Relationships: Tying It Together (Ch 7)
Chapter 7 on relationships — the connections between entities. Uses a trail-running shoe purchase to show the same relationship expressed five different ways across camps:
- Relational: Foreign keys, constraints, referential integrity. Failure mode: expensive joins at scale
- Analytical: Facts and dimensions, historical context. Failure mode: treating analytical models as transactional source of truth
- Application: Embedded documents, streaming windows. Failure mode: unbounded embedding causing document bloat
- ML/AI: Vector distance, cosine similarity, probabilistic. Failure mode: treating probabilities as facts
- Knowledge: Semantic triples (subject-predicate-object), ontology-based inference.
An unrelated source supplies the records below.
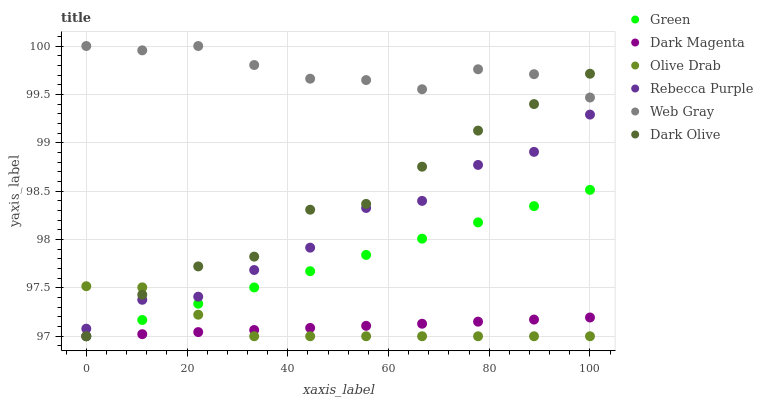Does Dark Magenta have the minimum area under the curve?
Answer yes or no. Yes. Does Web Gray have the maximum area under the curve?
Answer yes or no. Yes. Does Dark Olive have the minimum area under the curve?
Answer yes or no. No. Does Dark Olive have the maximum area under the curve?
Answer yes or no. No. Is Green the smoothest?
Answer yes or no. Yes. Is Rebecca Purple the roughest?
Answer yes or no. Yes. Is Dark Magenta the smoothest?
Answer yes or no. No. Is Dark Magenta the roughest?
Answer yes or no. No. Does Dark Magenta have the lowest value?
Answer yes or no. Yes. Does Rebecca Purple have the lowest value?
Answer yes or no. No. Does Web Gray have the highest value?
Answer yes or no. Yes. Does Dark Olive have the highest value?
Answer yes or no. No. Is Dark Magenta less than Rebecca Purple?
Answer yes or no. Yes. Is Web Gray greater than Dark Magenta?
Answer yes or no. Yes. Does Olive Drab intersect Dark Olive?
Answer yes or no. Yes. Is Olive Drab less than Dark Olive?
Answer yes or no. No. Is Olive Drab greater than Dark Olive?
Answer yes or no. No. Does Dark Magenta intersect Rebecca Purple?
Answer yes or no. No. 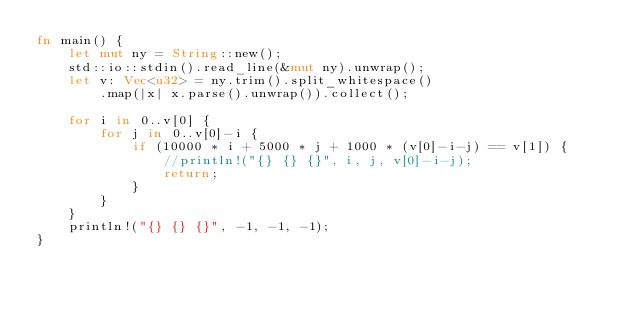Convert code to text. <code><loc_0><loc_0><loc_500><loc_500><_Rust_>fn main() {
    let mut ny = String::new();
    std::io::stdin().read_line(&mut ny).unwrap();
    let v: Vec<u32> = ny.trim().split_whitespace()
        .map(|x| x.parse().unwrap()).collect();

    for i in 0..v[0] {
        for j in 0..v[0]-i {
            if (10000 * i + 5000 * j + 1000 * (v[0]-i-j) == v[1]) {
                //println!("{} {} {}", i, j, v[0]-i-j);
                return;
            }
        }
    }
    println!("{} {} {}", -1, -1, -1);
}</code> 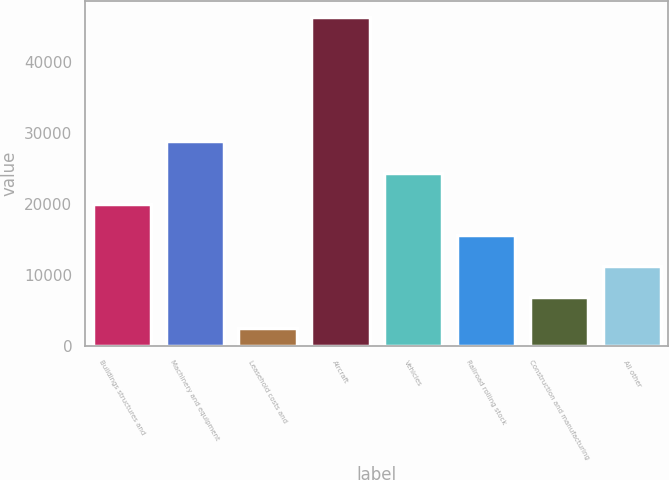Convert chart. <chart><loc_0><loc_0><loc_500><loc_500><bar_chart><fcel>Buildings structures and<fcel>Machinery and equipment<fcel>Leasehold costs and<fcel>Aircraft<fcel>Vehicles<fcel>Railroad rolling stock<fcel>Construction and manufacturing<fcel>All other<nl><fcel>20018.8<fcel>28759.2<fcel>2538<fcel>46240<fcel>24389<fcel>15648.6<fcel>6908.2<fcel>11278.4<nl></chart> 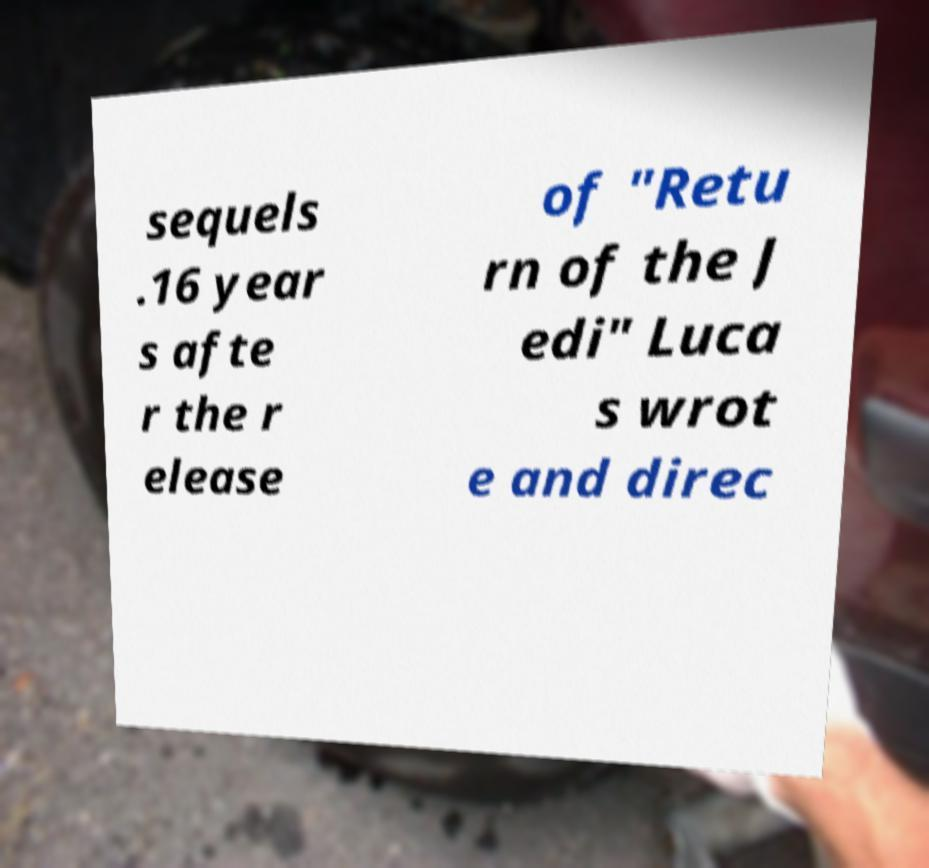Please read and relay the text visible in this image. What does it say? sequels .16 year s afte r the r elease of "Retu rn of the J edi" Luca s wrot e and direc

Failure mode: expensive ontology maintenance that drifts from reality
Covers structured relationships (1:1, 1:N, M:N with junction tables, recursive/self-join), semi-structured (embed vs. reference decision), and unstructured (metadata envelopes, embedded structural relationships, inferred/latent relationships). Key insight: in structured data you declare relationships; in unstructured data you discover them.
Chris Date’s test for when a relationship becomes an entity: the moment it needs to carry its own data.
RDCO relevance
The embed-vs-reference framework is useful for advising clients on JSON column design in dbt staging models. The five-camp relationship view reinforces why we need to understand client architecture holistically, not just the warehouse layer.